Beechwood Restorative Care Center v. Leeds

317 F. Supp. 2d 248, 2004 U.S. Dist. LEXIS 8906, 2004 WL 1092342
CourtDistrict Court, W.D. New York
DecidedMay 4, 2004
Docket02-CV-6235L
StatusPublished
Cited by8 cases

This text of 317 F. Supp. 2d 248 (Beechwood Restorative Care Center v. Leeds) is published on Counsel Stack Legal Research, covering District Court, W.D. New York primary law. Counsel Stack provides free access to over 12 million legal documents including statutes, case law, regulations, and constitutions.

Bluebook
Beechwood Restorative Care Center v. Leeds, 317 F. Supp. 2d 248, 2004 U.S. Dist. LEXIS 8906, 2004 WL 1092342 (W.D.N.Y. 2004).

Opinion

DECISION AND ORDER

LARIMER, District Judge.

Plaintiffs Brook and Olive Chambery (“the Chamberys”) commenced this action against various state and federal officials, alleging that defendants, through the deliberate misuse of their regulatory powers, forced a nursing home owned by the Chamberys, Beechwood Restorative Care Center (“Beechwood” or “the facility”) to be permanently shut down. Plaintiffs allege that defendants did so to punish the Chamberys for having pointed out problems with respect to defendants’ own actions and practices.

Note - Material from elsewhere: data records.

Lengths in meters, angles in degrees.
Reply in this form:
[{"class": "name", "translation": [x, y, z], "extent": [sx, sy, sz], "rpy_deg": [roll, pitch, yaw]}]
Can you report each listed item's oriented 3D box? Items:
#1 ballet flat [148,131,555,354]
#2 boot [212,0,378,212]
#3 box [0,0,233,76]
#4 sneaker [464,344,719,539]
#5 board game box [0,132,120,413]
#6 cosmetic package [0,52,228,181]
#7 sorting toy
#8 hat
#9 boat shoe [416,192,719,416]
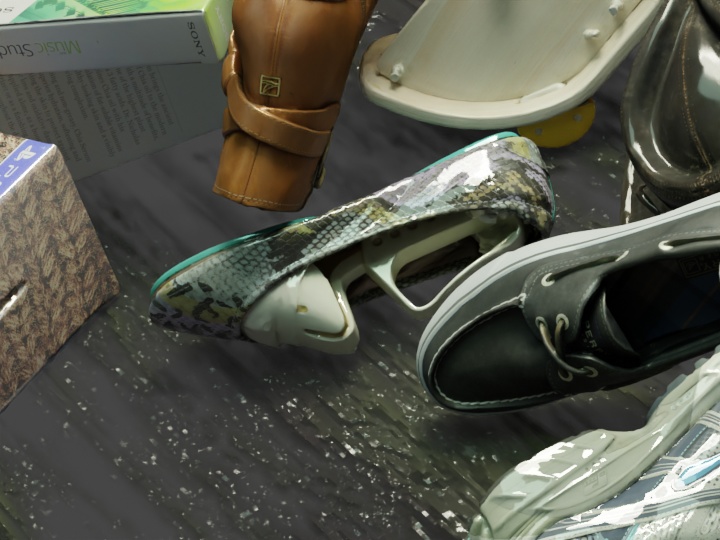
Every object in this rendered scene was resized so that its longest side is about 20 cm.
[{"class": "ballet flat", "translation": [0.000, 0.000, 1.228], "extent": [0.200, 0.072, 0.072], "rpy_deg": [-23, 38, -2]}, {"class": "boot", "translation": [-0.023, -0.103, 1.268], "extent": [0.077, 0.155, 0.200], "rpy_deg": [11, 4, 2]}, {"class": "box", "translation": [-0.108, -0.173, 1.340], "extent": [0.144, 0.036, 0.200], "rpy_deg": [-2, 42, 22]}, {"class": "sneaker", "translation": [0.144, 0.092, 1.059], "extent": [0.200, 0.078, 0.086], "rpy_deg": [-30, 60, -16]}, {"class": "board game box", "translation": [-0.253, 0.006, 1.301], "extent": [0.200, 0.097, 0.159], "rpy_deg": [13, 49, 36]}, {"class": "cosmetic package", "translation": [-0.157, -0.108, 1.395], "extent": [0.200, 0.101, 0.071], "rpy_deg": [-19, 37, -1]}, {"class": "sorting toy", "translation": [0.102, -0.171, 1.338], "extent": [0.200, 0.107, 0.180], "rpy_deg": [-49, 16, 25]}, {"class": "hat", "translation": [0.163, -0.075, 1.161], "extent": [0.201, 0.081, 0.201], "rpy_deg": [-31, 45, 38]}, {"class": "boat shoe", "translation": [0.106, 0.017, 1.115], "extent": [0.200, 0.069, 0.057], "rpy_deg": [-24, 15, 26]}]

Plaintiffs have asserted several claims under 42 U.S.C. § 1988, and a claim against the federal defendants pursuant to Bivens v. Six Unknown Named Agents of the Federal Bureau of Narcotics, 403 U.S. 388, 91 S.Ct. 1999, 29 L.Ed.2d 619 (1971). They seek compensatory and punitive damages for the alleged violations of their rights. Defendants have moved for summary judgment dismissing the complaint, and plaintiffs move for summary judgment on the issue of liability as to one of their claims against two of the defendants.

I. FACTUAL BACKGROUND 1

A. Events Leading up to Revocation of Plaintiffs’ Operating Certificate

Prior to being shut down, Beechwood was a skilled nursing facility on Culver Road in Rochester, New York, and was operated by the Chamberys as a partnership. Complaint ¶¶ 10, 12, 14. As a *256 skilled nursing facility, Beechwood held an operating certificate from the New York State Department of Health (“DOH”).

As a requirement of its operating certificate, Beechwood became certified as a participant in the Medicare and Medicaid programs (“Medicare/Medicaid”). 2 One of the consequences of this was that Beechwood was subject to inspections by DOH to evaluate its compliance with federal and state regulations. Any deficiencies that are found are ranked from “A” (an isolated deficiency causing no actual harm and only the potential for minimal harm to a resident) to “L” (a widespread deficiency causing immediate jeopardy to residents’ health or safety).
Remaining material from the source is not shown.